CR of supine patients is not sensitive enough to identify hidden pneumothorax because the air initially dissipates within the nondependent and medial parts of the chest and therefore can be invisible on supine radiographs. Even upright CR can be challenging and unreliable. Also, CR is often performed immediately after CVC insertion and it is therefore possible that there is not enough time for the development of a pneumothorax large enough to be identified.
- Routine CR after central line insertion is unreliable and not necessary: It's an inefficient screening tool!
- Current evidence supports the use of US to exclude iatrogenic pneumothorax
How do I treat an iatrogenic pneumothorax?
If a pneumothorax occurs during the insertion of a central line urgent action might not be necessary. If asymptomatic, you might proceed with the central line insertion when the patient is in urgent need.

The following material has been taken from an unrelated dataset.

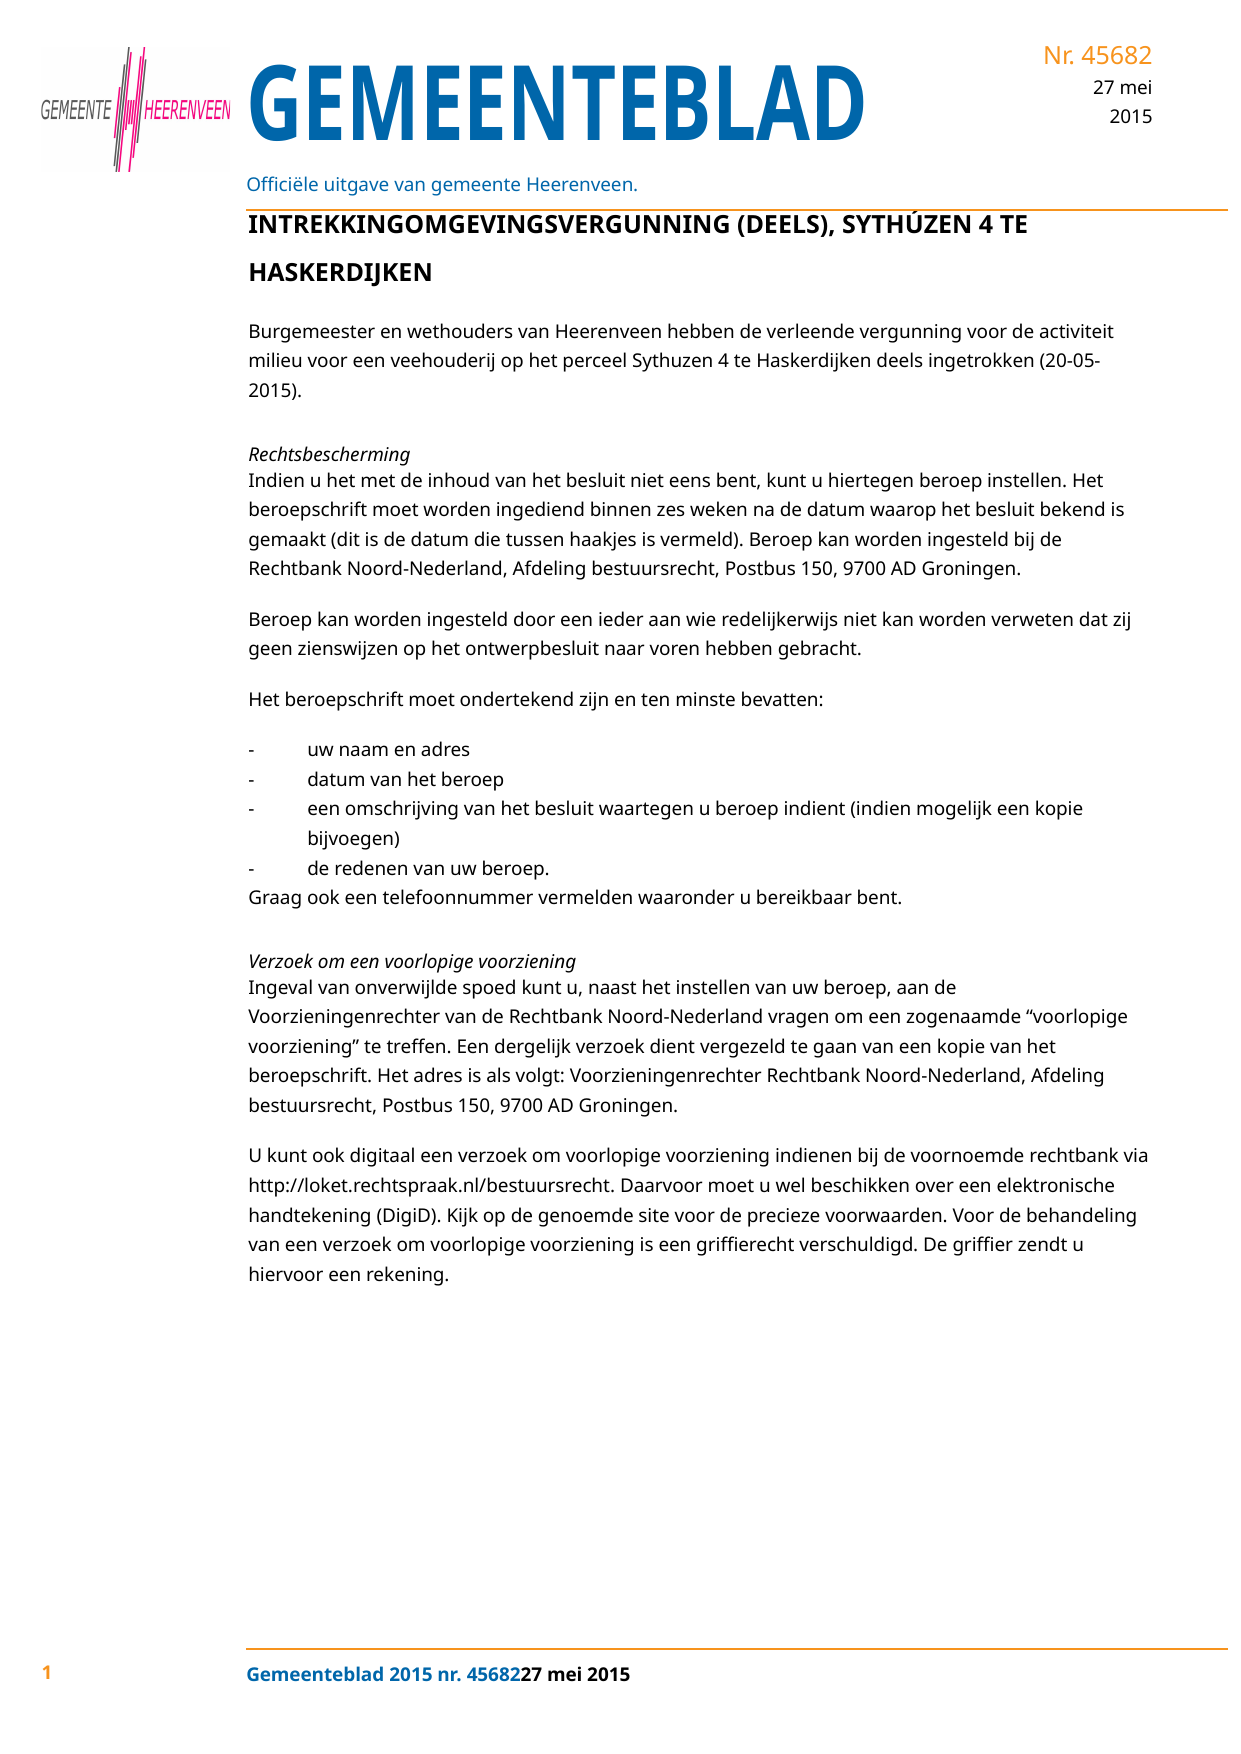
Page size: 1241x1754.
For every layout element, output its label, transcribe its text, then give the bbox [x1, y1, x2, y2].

- If signs of a tension pneumothorax arise, a simple needle decompression or urgent chest drain is life-saving and allows for a continued controlled attempt of the central line on the same side (you can’t cause a pneumothorax twice).
- Never attempt a central line insertion on the opposite side to avoid bilateral iatrogenic complications!
- In the setting of iatrogenic pneumothorax the BTS guidelines on the management of spontaneous pneumothorax can be applied:
- Remember: If the inter-pleural space on CR is less than 2cm (some allow 3cm as an upper limit) and the patient remains asymptomatic, conservative treatment is appropriate!
- Apply nasal oxygen 3-5L/min (see below)
- A follow up chest x-rax after 12-24 hours is advisable.
Did you know?
When no supplemental oxygen is applied air is reabsorbed spontaneously by 1.25% of pneumothorax size per day. Oxygen administration at 3 L/min nasal canula or higher flow treats possible hypoxemia and is associated with a fourfold increase in the rate of pleural air absorption compared with room air alone.